Exercise goal: Identify all lines of the data containing the string "degrees" and copy them.
═══ Dataset entries
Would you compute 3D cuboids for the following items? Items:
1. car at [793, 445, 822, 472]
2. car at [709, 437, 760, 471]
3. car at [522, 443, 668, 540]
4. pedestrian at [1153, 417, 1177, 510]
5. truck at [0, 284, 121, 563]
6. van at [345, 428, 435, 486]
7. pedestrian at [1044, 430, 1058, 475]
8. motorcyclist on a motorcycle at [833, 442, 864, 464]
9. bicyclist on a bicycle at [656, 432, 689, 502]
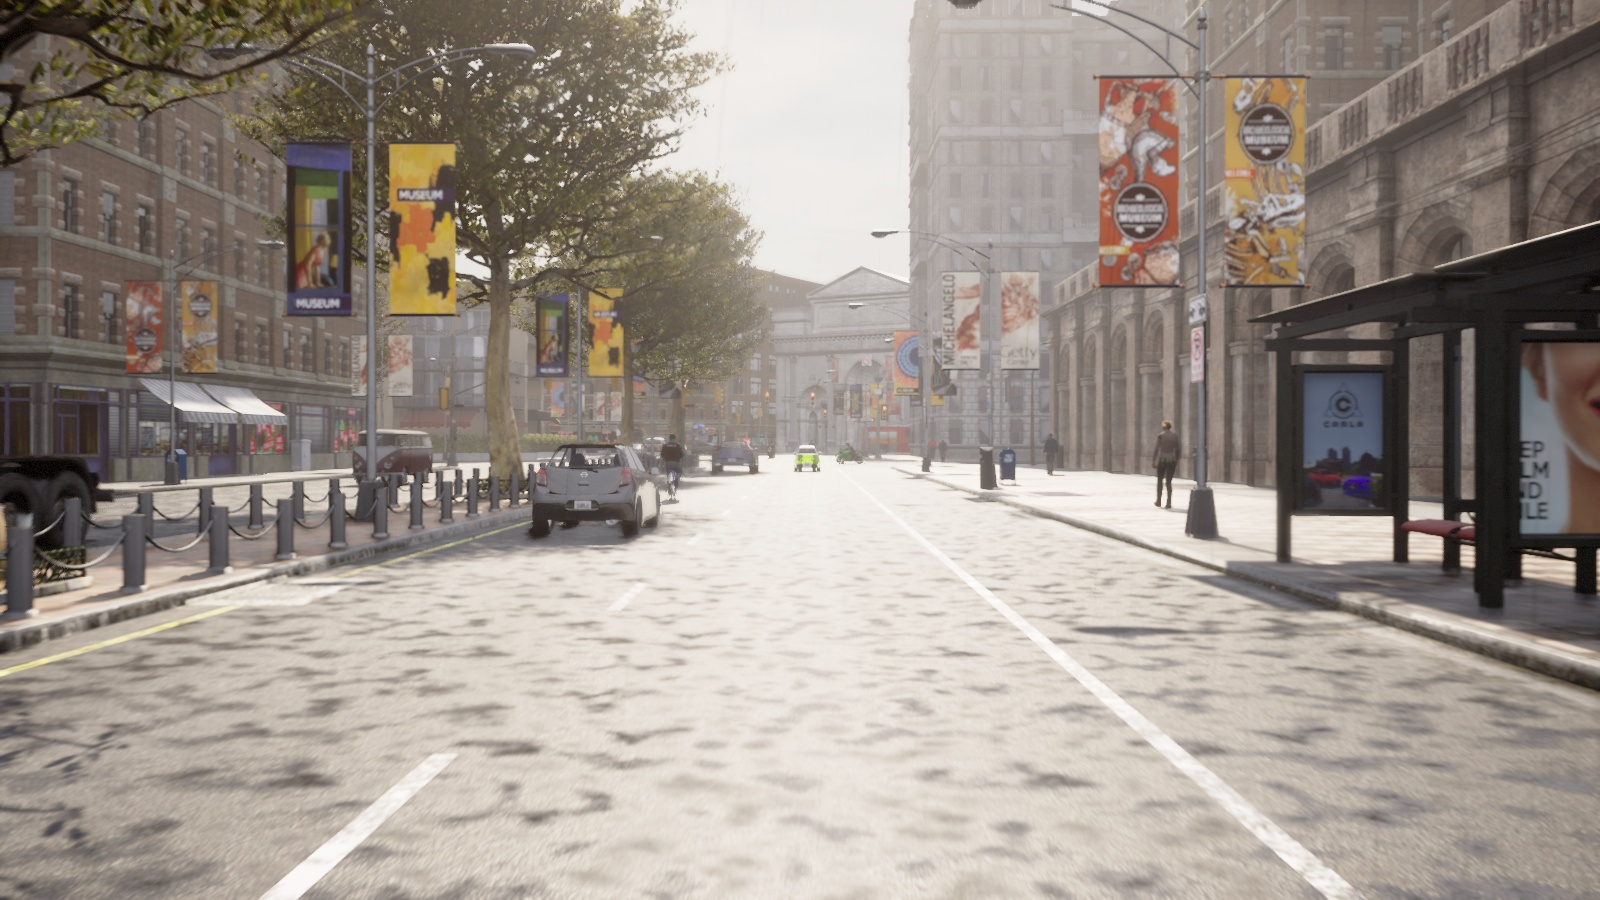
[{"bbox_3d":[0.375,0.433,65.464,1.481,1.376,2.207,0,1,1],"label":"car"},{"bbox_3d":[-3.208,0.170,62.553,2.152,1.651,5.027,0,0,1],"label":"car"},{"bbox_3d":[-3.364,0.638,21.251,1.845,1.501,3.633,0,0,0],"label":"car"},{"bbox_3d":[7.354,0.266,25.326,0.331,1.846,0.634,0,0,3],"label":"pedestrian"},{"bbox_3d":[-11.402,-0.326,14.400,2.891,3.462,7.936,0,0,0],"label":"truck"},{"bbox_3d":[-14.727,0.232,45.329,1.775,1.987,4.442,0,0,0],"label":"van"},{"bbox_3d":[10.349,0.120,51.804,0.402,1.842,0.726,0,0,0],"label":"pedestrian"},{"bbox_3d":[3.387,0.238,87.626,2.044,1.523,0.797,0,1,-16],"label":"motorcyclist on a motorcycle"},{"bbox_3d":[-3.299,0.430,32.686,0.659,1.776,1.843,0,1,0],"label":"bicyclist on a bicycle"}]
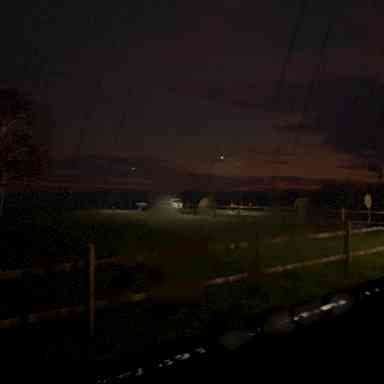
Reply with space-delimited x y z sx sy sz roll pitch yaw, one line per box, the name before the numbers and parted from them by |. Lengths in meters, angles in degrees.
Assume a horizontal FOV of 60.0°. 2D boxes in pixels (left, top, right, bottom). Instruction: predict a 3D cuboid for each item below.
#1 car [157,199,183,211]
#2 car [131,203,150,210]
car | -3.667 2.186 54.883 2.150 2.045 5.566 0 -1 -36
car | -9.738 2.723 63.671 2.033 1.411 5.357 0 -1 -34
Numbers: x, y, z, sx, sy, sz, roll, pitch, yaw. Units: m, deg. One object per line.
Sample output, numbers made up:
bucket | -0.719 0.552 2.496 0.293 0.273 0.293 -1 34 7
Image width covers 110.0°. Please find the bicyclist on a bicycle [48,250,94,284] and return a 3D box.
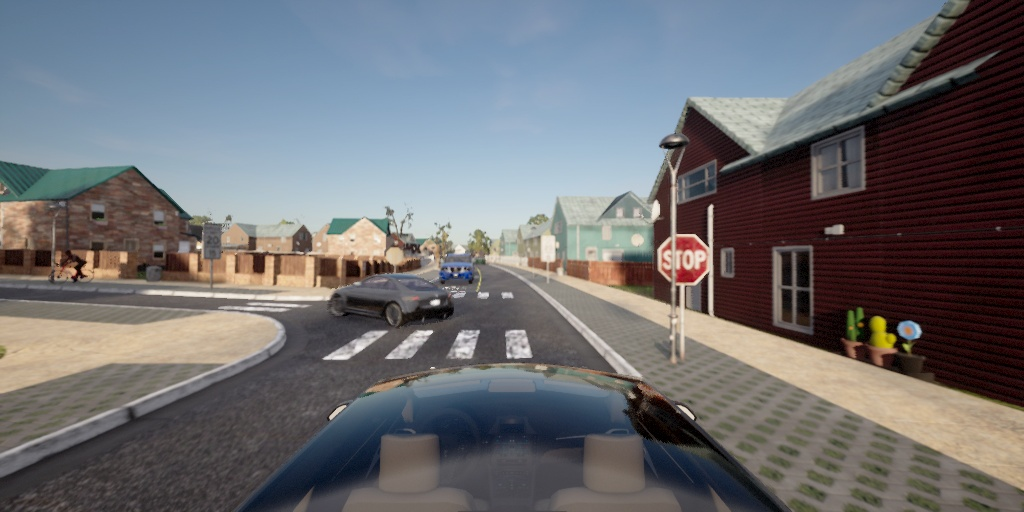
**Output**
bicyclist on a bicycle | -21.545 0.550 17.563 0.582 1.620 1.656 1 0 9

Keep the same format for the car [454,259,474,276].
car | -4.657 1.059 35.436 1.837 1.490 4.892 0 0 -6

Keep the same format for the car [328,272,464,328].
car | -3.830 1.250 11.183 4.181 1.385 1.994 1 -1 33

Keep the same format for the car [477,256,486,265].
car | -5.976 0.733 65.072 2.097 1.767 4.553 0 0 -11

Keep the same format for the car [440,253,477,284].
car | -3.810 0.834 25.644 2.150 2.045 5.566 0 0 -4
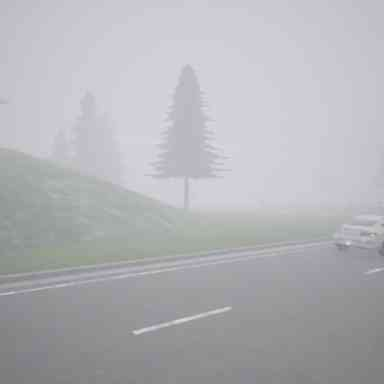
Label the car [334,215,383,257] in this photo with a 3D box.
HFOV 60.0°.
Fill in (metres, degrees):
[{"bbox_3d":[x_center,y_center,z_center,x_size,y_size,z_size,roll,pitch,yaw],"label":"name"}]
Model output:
══════
Exercise answer:
Reply with space-delimited x y z sx sy sz roll pitch yaw, one line per box, the name before the numbers and parted from them by |. Lengths in meters, angles in degrees.
Fill in (metres, degrees):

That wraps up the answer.